# fuel filters



## chillow (Aug 18, 2004)

ok so how would you go about checking the fuel filter, and if its bad how would you replace?

i feel like when i rev at 4000 rpm anything after that the car starts to sqeel and make a high pitched sound...
anyone know what the problem could be?


----------



## asleepz (Feb 24, 2004)

Is you fan direct drive (by faulty equipment)?

If it is the fan belt is either making the fan coupler move by force or the fan is so hard to turn at that high of RPM your fan belt is squeaking


----------



## chillow (Aug 18, 2004)

think i need a new fan clutch? its hard to turn the fan when the car is off.


----------



## asleepz (Feb 24, 2004)

Yep your fan clutch is screwed. Time to get another. That'll fix your problem.
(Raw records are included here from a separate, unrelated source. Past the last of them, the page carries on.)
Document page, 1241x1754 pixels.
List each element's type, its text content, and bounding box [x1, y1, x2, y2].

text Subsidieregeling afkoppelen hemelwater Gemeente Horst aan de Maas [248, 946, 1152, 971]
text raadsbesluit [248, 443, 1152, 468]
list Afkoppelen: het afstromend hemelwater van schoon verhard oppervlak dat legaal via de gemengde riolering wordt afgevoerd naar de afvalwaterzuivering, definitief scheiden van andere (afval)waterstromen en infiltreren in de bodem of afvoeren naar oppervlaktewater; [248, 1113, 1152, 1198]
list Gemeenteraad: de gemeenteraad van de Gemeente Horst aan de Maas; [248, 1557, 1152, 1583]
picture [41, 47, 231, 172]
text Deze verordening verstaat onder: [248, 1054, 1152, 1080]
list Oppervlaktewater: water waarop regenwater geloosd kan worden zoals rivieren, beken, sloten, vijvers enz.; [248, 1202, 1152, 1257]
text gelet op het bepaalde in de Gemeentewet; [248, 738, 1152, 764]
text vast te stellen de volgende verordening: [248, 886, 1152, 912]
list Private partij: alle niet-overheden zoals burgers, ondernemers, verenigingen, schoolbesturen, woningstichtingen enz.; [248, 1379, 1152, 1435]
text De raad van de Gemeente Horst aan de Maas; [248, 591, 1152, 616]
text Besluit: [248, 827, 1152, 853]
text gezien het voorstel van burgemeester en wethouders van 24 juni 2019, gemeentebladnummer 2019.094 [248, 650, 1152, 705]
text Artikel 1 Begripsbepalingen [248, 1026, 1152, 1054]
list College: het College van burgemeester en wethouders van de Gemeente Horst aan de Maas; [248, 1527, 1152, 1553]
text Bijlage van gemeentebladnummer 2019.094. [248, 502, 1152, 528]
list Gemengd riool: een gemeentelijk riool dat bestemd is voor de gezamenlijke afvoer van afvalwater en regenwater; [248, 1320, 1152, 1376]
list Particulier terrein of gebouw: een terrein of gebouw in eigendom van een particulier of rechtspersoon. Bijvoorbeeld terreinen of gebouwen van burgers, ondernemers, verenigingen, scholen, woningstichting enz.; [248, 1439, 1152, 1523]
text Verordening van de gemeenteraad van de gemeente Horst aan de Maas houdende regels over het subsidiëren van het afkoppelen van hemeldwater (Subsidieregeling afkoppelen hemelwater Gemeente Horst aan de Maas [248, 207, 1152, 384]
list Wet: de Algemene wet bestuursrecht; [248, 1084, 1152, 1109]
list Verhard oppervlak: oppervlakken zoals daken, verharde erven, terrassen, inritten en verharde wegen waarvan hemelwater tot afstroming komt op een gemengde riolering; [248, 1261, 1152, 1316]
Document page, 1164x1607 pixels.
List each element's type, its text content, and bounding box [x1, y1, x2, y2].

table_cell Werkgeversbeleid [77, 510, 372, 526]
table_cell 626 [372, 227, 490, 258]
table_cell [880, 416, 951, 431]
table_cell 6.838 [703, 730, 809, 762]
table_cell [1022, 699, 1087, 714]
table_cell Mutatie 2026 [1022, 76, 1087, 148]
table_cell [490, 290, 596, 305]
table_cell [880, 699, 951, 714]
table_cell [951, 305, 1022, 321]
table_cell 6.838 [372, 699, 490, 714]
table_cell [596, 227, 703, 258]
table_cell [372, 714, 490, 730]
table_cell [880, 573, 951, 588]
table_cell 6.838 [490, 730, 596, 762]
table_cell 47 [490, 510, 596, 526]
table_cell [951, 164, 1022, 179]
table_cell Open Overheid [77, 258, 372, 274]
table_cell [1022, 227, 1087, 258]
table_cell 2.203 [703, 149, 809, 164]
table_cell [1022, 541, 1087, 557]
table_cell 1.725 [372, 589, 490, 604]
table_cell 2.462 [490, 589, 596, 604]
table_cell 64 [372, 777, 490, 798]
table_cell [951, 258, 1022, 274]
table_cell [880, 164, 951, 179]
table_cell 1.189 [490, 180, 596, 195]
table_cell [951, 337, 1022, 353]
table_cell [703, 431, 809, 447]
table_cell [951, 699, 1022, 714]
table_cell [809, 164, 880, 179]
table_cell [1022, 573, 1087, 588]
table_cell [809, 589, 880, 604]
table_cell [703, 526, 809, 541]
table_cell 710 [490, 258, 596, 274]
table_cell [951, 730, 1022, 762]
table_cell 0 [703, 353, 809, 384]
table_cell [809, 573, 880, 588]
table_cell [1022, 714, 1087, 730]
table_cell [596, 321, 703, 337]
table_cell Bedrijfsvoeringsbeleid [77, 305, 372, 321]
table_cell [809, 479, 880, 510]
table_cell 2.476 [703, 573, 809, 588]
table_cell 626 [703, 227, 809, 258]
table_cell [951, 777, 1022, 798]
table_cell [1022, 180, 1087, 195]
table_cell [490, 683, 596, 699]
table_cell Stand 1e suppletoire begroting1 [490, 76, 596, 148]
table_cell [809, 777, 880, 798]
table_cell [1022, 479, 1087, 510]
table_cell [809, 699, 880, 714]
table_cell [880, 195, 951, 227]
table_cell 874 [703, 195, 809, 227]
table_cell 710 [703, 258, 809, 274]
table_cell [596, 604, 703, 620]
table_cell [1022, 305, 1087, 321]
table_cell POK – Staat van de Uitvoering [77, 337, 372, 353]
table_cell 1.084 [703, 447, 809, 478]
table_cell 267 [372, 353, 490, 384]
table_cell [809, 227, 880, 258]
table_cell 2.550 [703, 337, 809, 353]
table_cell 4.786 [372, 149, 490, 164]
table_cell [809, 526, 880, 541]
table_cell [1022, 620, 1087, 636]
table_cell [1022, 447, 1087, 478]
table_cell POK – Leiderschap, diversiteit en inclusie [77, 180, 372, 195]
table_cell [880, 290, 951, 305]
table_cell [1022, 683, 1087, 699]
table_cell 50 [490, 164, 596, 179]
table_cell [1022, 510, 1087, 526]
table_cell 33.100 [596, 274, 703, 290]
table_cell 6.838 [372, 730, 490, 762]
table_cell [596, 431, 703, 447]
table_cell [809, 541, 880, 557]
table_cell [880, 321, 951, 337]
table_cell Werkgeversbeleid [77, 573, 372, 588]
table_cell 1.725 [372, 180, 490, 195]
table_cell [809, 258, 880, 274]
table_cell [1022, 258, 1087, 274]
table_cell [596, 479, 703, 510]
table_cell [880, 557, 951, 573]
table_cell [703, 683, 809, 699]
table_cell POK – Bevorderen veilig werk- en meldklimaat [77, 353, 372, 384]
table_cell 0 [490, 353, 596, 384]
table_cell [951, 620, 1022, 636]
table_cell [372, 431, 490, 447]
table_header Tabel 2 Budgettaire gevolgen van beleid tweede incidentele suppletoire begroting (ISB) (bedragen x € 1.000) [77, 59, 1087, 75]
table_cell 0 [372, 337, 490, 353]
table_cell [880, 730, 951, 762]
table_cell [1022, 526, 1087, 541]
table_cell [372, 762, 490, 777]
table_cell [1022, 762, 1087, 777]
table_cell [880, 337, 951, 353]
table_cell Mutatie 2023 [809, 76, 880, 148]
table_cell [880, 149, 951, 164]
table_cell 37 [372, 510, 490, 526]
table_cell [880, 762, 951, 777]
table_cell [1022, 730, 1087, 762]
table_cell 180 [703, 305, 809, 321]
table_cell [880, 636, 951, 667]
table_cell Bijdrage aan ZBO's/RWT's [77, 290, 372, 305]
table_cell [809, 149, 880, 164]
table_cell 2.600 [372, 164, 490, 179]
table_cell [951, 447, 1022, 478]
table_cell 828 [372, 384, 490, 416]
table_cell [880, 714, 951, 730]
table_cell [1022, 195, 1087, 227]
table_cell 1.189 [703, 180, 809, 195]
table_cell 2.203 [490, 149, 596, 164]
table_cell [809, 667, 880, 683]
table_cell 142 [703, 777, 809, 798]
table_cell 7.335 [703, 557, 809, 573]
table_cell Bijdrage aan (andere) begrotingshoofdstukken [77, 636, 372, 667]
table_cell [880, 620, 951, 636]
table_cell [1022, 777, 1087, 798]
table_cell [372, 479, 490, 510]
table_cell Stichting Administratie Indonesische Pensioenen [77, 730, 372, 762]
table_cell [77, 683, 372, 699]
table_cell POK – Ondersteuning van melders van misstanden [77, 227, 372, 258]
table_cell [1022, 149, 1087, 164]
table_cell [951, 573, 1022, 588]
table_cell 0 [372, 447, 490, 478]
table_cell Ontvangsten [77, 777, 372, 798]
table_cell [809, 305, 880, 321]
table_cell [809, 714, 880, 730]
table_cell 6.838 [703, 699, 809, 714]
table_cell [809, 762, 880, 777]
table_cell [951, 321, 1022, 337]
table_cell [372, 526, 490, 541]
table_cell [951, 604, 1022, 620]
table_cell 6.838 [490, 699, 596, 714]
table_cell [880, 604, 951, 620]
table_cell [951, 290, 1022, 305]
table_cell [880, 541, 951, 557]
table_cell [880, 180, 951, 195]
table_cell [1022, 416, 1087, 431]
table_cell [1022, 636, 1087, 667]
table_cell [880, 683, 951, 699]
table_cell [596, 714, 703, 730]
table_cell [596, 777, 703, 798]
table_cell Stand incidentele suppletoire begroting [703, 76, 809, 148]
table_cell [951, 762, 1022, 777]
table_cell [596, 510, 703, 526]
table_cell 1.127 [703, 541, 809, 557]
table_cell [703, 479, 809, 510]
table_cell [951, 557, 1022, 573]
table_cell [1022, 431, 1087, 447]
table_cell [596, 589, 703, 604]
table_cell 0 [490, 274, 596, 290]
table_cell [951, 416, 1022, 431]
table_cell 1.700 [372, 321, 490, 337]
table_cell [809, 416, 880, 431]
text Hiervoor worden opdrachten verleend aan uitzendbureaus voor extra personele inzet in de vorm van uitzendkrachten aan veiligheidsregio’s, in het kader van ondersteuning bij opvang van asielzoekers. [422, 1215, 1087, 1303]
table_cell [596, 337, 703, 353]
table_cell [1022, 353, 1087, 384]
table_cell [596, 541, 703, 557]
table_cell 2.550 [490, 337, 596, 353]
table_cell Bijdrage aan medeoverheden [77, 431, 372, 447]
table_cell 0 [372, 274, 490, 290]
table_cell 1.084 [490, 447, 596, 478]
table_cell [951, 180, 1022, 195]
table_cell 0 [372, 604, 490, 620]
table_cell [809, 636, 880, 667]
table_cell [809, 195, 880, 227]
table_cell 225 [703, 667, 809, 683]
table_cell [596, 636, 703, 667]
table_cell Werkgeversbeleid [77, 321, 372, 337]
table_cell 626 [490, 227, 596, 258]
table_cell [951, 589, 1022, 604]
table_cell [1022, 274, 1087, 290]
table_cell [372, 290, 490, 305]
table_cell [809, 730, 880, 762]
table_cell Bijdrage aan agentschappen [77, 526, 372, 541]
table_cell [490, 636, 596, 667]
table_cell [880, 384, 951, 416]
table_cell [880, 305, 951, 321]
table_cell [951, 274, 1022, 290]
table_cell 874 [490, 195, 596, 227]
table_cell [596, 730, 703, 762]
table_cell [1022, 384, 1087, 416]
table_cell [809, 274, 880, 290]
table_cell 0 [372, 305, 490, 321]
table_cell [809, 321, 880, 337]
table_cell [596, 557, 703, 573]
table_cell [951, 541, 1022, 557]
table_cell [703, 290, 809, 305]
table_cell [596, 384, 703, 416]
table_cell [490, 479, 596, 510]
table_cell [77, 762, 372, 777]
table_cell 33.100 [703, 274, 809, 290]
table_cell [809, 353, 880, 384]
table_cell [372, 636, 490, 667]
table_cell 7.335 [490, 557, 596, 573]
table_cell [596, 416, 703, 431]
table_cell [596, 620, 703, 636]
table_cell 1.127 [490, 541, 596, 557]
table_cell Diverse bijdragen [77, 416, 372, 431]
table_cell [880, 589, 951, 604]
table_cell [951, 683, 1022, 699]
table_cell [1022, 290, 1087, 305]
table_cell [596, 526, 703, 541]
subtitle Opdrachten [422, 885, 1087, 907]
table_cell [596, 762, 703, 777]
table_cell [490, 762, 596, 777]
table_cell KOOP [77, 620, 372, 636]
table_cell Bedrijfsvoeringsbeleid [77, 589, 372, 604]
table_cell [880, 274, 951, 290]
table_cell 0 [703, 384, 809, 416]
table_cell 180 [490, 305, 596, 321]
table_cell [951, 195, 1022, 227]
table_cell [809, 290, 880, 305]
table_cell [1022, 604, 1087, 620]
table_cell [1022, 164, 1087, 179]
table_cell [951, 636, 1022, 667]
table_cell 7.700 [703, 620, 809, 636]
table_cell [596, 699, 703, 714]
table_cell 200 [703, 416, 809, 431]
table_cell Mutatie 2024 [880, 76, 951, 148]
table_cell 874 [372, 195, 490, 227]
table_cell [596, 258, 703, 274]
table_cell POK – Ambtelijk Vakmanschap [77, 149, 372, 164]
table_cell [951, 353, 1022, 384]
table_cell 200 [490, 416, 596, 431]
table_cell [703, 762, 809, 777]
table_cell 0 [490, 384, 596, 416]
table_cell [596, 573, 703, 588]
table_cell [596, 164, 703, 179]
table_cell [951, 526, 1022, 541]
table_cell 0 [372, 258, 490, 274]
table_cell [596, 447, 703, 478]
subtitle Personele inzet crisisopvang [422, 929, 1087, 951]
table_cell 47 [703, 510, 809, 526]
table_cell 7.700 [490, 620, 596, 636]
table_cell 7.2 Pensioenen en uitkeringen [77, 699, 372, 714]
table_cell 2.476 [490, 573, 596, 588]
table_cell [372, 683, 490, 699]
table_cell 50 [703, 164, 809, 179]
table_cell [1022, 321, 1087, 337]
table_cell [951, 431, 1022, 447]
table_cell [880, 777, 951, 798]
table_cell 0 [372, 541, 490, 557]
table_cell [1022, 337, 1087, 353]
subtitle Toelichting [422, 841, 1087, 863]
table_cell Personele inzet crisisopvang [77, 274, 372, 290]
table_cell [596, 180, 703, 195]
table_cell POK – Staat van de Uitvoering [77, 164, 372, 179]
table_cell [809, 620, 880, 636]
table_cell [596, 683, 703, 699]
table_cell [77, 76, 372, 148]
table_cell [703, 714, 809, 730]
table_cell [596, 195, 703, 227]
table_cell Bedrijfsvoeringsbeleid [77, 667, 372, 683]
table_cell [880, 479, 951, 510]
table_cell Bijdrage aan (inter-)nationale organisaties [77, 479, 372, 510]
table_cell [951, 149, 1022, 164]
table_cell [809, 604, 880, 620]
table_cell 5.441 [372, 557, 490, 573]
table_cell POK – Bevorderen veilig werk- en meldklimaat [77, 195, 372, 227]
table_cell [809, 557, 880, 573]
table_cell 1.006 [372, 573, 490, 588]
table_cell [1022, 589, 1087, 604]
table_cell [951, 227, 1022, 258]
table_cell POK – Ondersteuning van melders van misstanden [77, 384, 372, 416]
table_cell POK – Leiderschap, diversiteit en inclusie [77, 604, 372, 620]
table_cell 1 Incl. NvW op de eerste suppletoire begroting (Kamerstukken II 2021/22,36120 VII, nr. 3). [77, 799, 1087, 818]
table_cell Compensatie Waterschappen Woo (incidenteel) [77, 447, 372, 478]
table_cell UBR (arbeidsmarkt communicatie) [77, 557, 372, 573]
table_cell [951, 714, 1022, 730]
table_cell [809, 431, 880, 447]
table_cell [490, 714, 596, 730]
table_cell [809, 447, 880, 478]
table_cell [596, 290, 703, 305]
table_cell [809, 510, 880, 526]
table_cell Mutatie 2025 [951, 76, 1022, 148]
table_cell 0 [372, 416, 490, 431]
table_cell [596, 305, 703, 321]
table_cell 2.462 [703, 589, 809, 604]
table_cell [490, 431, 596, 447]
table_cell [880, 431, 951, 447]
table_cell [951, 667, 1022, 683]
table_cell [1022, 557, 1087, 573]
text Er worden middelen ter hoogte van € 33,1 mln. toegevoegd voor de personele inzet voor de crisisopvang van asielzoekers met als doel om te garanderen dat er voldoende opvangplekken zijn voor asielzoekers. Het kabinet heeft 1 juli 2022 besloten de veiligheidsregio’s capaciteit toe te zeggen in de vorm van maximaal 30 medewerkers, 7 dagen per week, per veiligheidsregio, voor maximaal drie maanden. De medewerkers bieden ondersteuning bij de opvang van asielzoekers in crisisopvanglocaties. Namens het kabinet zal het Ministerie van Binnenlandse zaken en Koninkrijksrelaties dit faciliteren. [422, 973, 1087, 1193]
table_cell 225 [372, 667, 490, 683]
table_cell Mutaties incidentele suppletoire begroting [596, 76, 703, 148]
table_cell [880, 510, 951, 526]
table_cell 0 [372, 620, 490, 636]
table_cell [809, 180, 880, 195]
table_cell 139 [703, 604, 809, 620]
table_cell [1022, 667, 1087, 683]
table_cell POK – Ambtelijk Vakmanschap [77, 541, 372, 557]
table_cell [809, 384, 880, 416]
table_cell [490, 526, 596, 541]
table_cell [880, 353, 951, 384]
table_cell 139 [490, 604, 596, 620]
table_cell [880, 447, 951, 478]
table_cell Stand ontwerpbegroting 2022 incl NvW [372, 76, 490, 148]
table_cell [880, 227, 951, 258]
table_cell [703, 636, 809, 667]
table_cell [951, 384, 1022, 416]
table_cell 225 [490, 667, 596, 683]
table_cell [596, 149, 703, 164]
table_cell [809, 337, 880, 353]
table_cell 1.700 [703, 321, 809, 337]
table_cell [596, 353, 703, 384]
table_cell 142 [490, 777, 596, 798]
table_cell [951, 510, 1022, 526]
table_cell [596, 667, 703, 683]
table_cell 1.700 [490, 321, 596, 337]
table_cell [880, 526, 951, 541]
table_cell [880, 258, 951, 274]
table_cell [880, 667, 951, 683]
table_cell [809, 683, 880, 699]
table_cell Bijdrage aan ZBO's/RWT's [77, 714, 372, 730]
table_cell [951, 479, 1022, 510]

I'm not sure how much it is but if you want a little more horsepower for a tad bit more money go for an electric fan conversion


----------



## 0341TODD (Nov 15, 2003)

did you check your belts?
A squeeling wouldnt have anything to do with you fuel filter


----------



## asleepz (Feb 24, 2004)

I think he posted 2 questions but didn't state that the second wanna be paragraph was the second question


----------



## chillow (Aug 18, 2004)

ok for the first question, my engine is idling weird.

1. my car rumbles alot after i start it and even after it warms up

2. my car is ticking after i drive it for a little while, it sounds like it is coming from the engine i dont know why. it still runs ok


any info would be nice. :thumbup:


----------



## RocketRodent (Jun 21, 2004)

1. Define a rumble... normally the VG30 has a rumble if your exhaust is hosed.

2. Ticking = 99 out of 100 times, lifters.


----------



## chillow (Aug 18, 2004)

my car is lumpy, it shakes alot and it ussually keeps like that. it sounds like the motor isint running right, like its missing. but maybe its just old age. all i know is it bugs the hell out of me.


----------



## asleepz (Feb 24, 2004)

you might have a cylinder not firing. Check your plug wires.


----------